2. ASIF has much higher inference time than GeRA.

We thank the reviewer for the comment. Please see our responses below.

The effectiveness of the method is limited to the low-data regime.

While mostly motivated by low-data scenarios, GeRA can also take advantage of more data. This is indicated by Figure 3-Figure 7, in which GeRA consistently outperforms the vanilla CL loss, which was used to train models like CLIP, when increasing the number of paired points. However, studying GeRA in scenarios with very large paired datasets is out of the scope of this paper, since we focus on facilitating better alignment specifically in the low data regime.

Is there a standard evaluation metric that is improved?

In uni-modal self-supervised literature, using uni-modal model embeddings for classification is standard. Our ImageNet experiment, conducted in response to the reviewer's query, demonstrates that GeRA enhances performance over unregularized contrastive learning.

Can we evaluate these models for unimodal metrics such as unimodal retrieval? New results in the rebuttal partially answers this question. I recommend performing the standard image-image retrieval and text-text retrieval evaluations and report recall@1 separately for all models.
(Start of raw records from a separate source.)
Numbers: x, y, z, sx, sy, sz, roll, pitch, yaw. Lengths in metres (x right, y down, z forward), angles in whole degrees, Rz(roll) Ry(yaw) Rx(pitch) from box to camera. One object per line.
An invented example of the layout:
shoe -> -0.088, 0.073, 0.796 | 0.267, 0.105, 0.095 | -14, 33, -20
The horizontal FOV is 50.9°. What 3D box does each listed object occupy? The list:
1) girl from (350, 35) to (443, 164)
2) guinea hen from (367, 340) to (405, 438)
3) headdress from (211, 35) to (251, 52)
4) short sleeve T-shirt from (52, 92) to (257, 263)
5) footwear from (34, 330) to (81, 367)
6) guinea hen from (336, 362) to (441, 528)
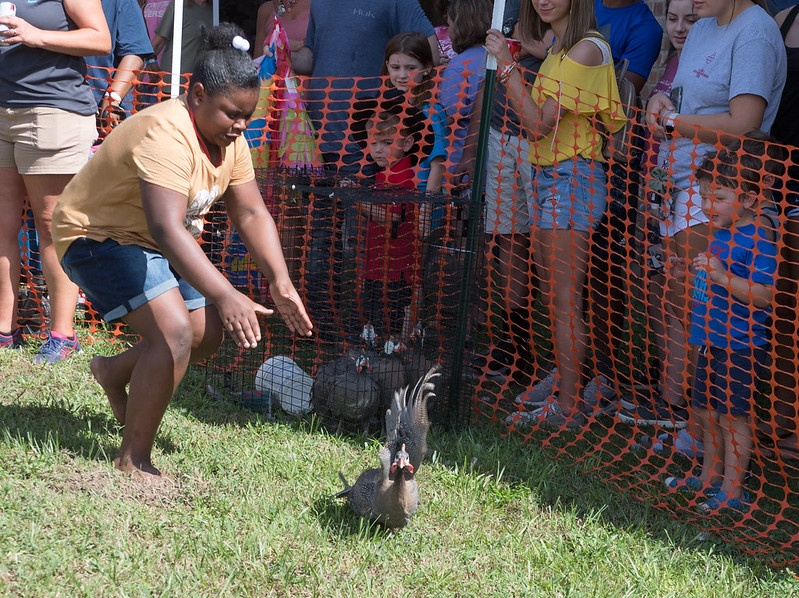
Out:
girl -> 0.102, -1.482, 5.651 | 0.720, 0.766, 0.733 | -4, 51, -6
guinea hen -> -0.026, 0.497, 4.851 | 0.167, 0.485, 0.272 | 1, -11, 5
headdress -> -0.779, -1.196, 3.903 | 0.156, 0.074, 0.059 | 1, -3, -7
short sleeve T-shirt -> -1.137, -0.537, 3.969 | 0.937, 0.834, 0.544 | -1, 19, -22
footwear -> -2.241, 0.314, 5.496 | 0.122, 0.157, 0.354 | 19, 20, 17
guinea hen -> -0.016, 0.742, 3.875 | 0.308, 0.734, 0.418 | -4, 20, -29

Our main focus is on multi-modal alignment, and we believe multi-modal metrics should be the primary concern to evaluate the performance of alignment transformation functions. While we acknowledge that uni-modal metrics are useful for analyzing neighborhood consistency, our experiments in Figure 1 and the image-to-image kNN accuracy on ImageNet demonstrate that GeRA's alignment transformation functions achieve superior performance in uni-modal metrics for in-distribution data and in zero-shot settings. Furthermore, the results of this experiment are indicative of uni-modal retrieval and recall@1 metrics, due to the use of k-NN (examined with different 'k' values), which relies on the proximity of the images in the embedded space. We will additionally investigate the uni-modal classification performance with more models and linear probing in the final draft.

Is there a lookup table that stores all the embeddings of NNs for all points? Does one need to include all the original NNs for all points in a mini-batch?

We use the Faiss library [1] to precompute the nearest neighbors for each sample. With approximation methods, this process takes approximately 50 minutes for 6 million embedding points. Incorporating these neighbors into the minibatch for geometric computation does introduce additional computational overhead. However, as shown in Figure 9, which details the training time of our geometrically regularized alignment, training is completed within a reasonable time. It takes 20 hours even with 150 neighbors, using a single NVIDIA GeForce RTX 3090 GPU.

[1] Johnson, Jeff, Matthijs Douze, and Hervé Jégou. 2017. “Billion-Scale Similarity Search with GPUs.”, IEEE Transactions on Big Data.

What is the cost of computing the geometric regularization?

The computational cost of geometric regularization scales asymptotically with the square of the neighborhood points count in the geometrical loss computation. However, this cost is relatively minor compared to the computational graph's construction during backpropagation which has a larger computational constant. In our experiments, the overhead increased approximately linearly with the number of neighbors per batch. Figure 9 in our paper illustrates the training time for GeRA across various neighborhood sizes. We will also include a line for training time without geometric regularization as a reference.